OBJECTIVE: To explore the association between polymorphism of dopamine 1 transporter variable number tandem repeat (DAT1 VNTR) and breast cancer with abnormal Hilit in Chinese Han population from Xinjiang. METHODS: The breast caner patients were divided into four body fluids according to Uighur medicine theory. And polymerase chain reaction and VNTR polymorphism technique were employed to detect genotypic and allelic frequencies of a 40 bp VNTR polymorphism situated in 3' untranslated region of DAT1 gene in 144 breast cancer patients with abnormal Hilit and 104 normal control subjects in Han population of Xinjiang province. RESULTS: In our sample, the repeat numbers of 40 bp were 7 and 9 - 11 (PCR product length of 360 bp and 440 bp to 520 bp) and 10-repeat allele (480 bp) detected was the dominant allele of DAT1 gene polymorphisms with an allelic frequency of 90.9%; Seven kinds of genotype were detected and genotype 10/10 was the most common genotype with a genotypic frequency of 83.1%. The frequency of 10-repeats allele and 10/10 genotype was significantly higher in breast caner patients with abnormal balgham Hilit than in controls (OR = 0.127, 95%CI 0.016 - 0.988, P = 0.026; OR = 0.134, 95%CI 0.018 - 1.016, P = 0.020) and breast caner patients with abnormal Sapra Hilit (OR = 0.132, 95%CI 0.016 - 1.075, P = 0.049; OR = 0.132, 95%CI 0.017 - 1.042, P = 0.033).

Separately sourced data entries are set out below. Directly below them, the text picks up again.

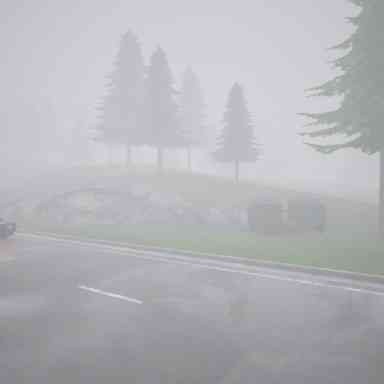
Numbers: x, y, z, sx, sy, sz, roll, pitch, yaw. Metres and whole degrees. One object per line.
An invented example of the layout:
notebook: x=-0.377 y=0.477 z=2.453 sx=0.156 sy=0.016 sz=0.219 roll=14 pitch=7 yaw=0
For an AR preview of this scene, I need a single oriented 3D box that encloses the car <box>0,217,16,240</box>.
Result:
car: x=-10.374 y=1.601 z=15.686 sx=4.718 sy=1.301 sz=1.895 roll=0 pitch=0 yaw=36
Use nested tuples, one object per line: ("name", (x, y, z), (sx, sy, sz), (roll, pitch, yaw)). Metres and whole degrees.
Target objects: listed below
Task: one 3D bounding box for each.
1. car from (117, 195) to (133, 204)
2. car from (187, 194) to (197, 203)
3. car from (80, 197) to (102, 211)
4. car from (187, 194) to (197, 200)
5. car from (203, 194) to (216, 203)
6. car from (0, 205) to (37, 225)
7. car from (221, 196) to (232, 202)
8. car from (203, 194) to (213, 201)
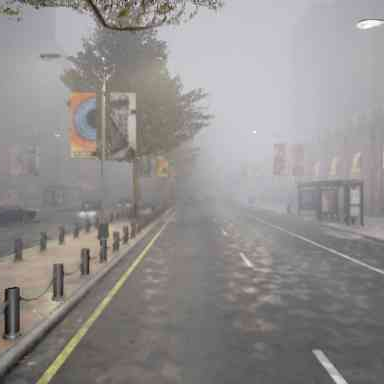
("car", (-11.542, 1.319, 57.938), (1.812, 1.442, 4.674), (0, 0, 1))
("car", (-0.006, 1.279, 63.305), (1.837, 1.490, 4.892), (0, 0, 0))
("car", (-11.595, 1.352, 39.129), (2.128, 1.511, 4.902), (0, 0, 0))
("car", (-0.007, 1.116, 73.423), (1.994, 1.385, 4.181), (0, 0, 0))
("car", (3.494, 1.337, 63.658), (1.994, 1.385, 4.181), (0, 0, 0))
("car", (-12.450, 1.524, 21.475), (1.895, 1.301, 4.718), (0, 0, 16))
("car", (6.743, 1.360, 65.965), (1.895, 1.301, 4.718), (0, 0, 0))
("car", (3.493, 1.159, 73.454), (1.895, 1.301, 4.718), (0, 0, 0))
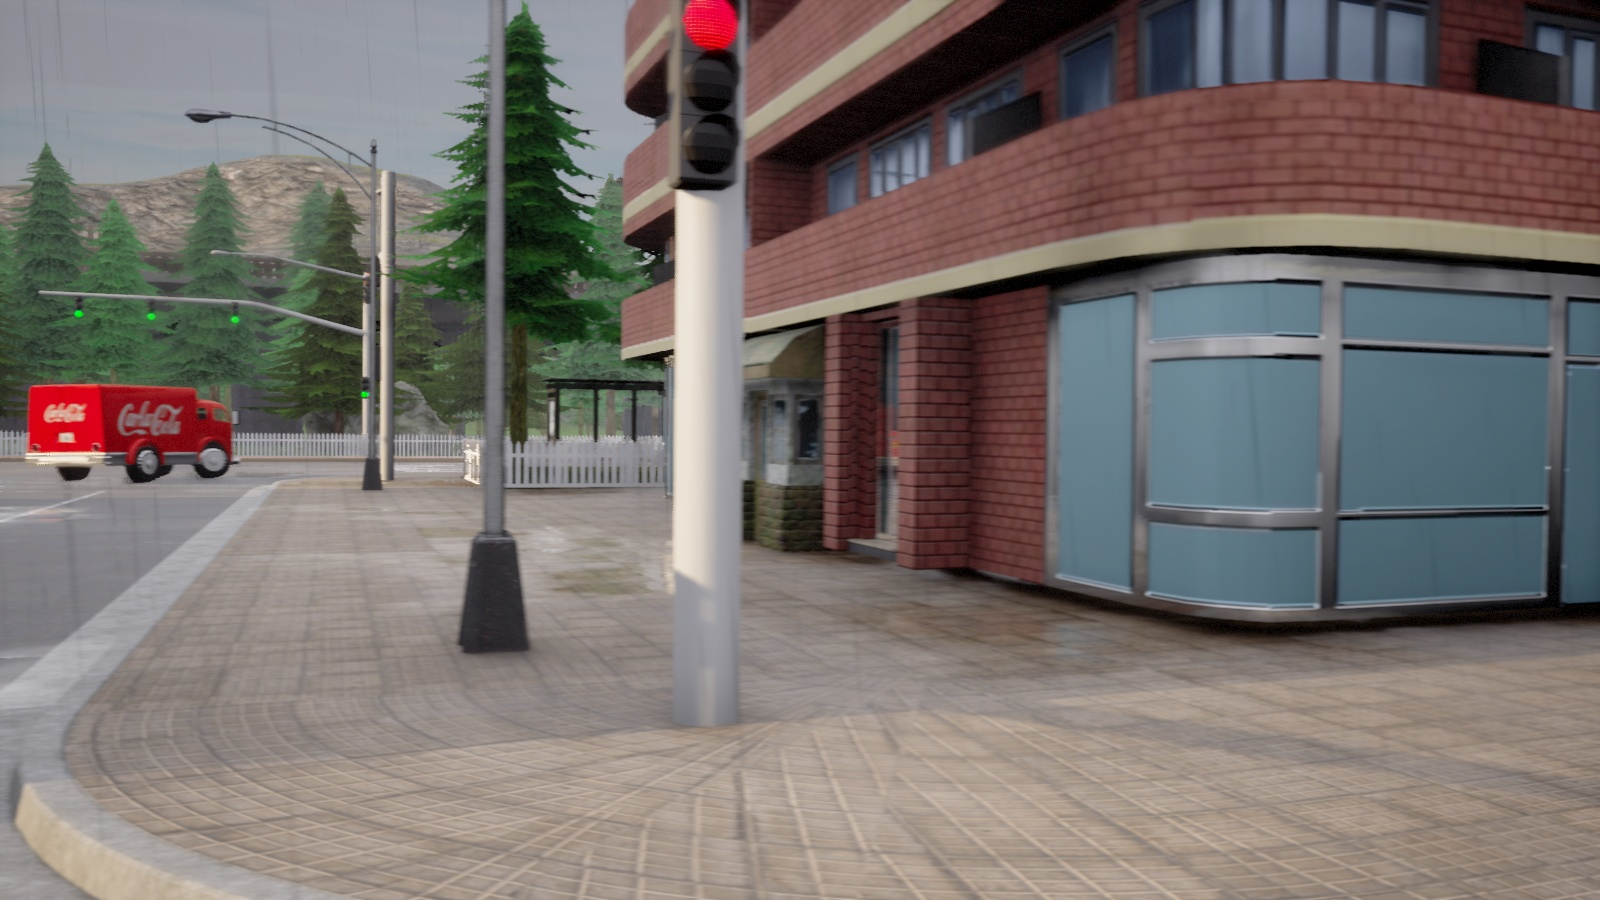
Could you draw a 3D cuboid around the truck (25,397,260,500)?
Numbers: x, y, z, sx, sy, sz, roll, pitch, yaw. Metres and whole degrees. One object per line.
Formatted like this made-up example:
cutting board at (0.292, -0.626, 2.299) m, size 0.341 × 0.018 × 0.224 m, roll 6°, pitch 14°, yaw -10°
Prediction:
truck at (-17.340, -0.064, 33.504) m, size 2.627 × 2.467 × 5.204 m, roll -2°, pitch 0°, yaw 15°
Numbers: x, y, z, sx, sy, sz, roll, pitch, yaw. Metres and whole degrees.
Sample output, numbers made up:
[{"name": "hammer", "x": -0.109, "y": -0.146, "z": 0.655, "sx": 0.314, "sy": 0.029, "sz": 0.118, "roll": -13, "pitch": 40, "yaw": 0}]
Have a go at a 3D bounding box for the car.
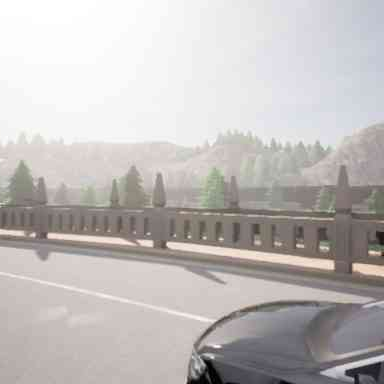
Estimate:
[{"name": "car", "x": 2.164, "y": 1.477, "z": 2.256, "sx": 4.902, "sy": 1.511, "sz": 2.128, "roll": 0, "pitch": 0, "yaw": 36}]
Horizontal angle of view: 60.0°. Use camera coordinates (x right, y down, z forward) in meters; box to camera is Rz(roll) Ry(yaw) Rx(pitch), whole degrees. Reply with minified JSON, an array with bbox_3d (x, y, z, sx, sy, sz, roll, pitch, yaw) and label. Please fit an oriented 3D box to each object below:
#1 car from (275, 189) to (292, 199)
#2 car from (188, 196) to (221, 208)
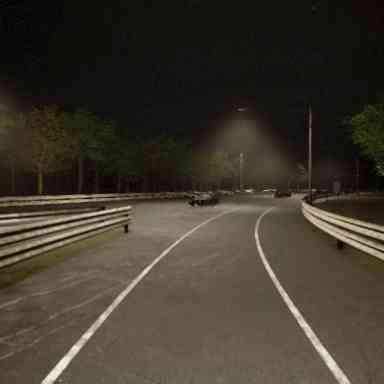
[{"bbox_3d":[17.313,0.279,63.053,2.097,1.767,4.553,1,2,33],"label":"car"},{"bbox_3d":[1.588,1.074,38.601,1.895,1.301,4.718,1,2,33],"label":"car"}]
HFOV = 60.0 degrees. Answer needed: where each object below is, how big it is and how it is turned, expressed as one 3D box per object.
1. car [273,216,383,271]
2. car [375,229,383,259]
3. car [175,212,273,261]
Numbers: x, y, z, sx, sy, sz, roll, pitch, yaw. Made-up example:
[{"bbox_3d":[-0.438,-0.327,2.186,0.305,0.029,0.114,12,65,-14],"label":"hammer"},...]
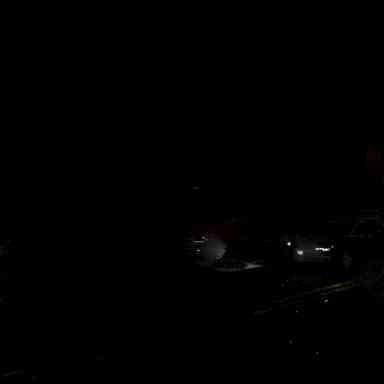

CONCLUSION: The 10-repeats allele and 10/10 genotype of 40 bp VNTR polymorphism of DAT1 may increase the risk of breast cancer with Uighur medicine abnormal Hilit in Chinese Han population from Xinjiang province and it is not correlated with the susceptibility to breast cancer with Uighur medicine abnormal Sapra Hilit.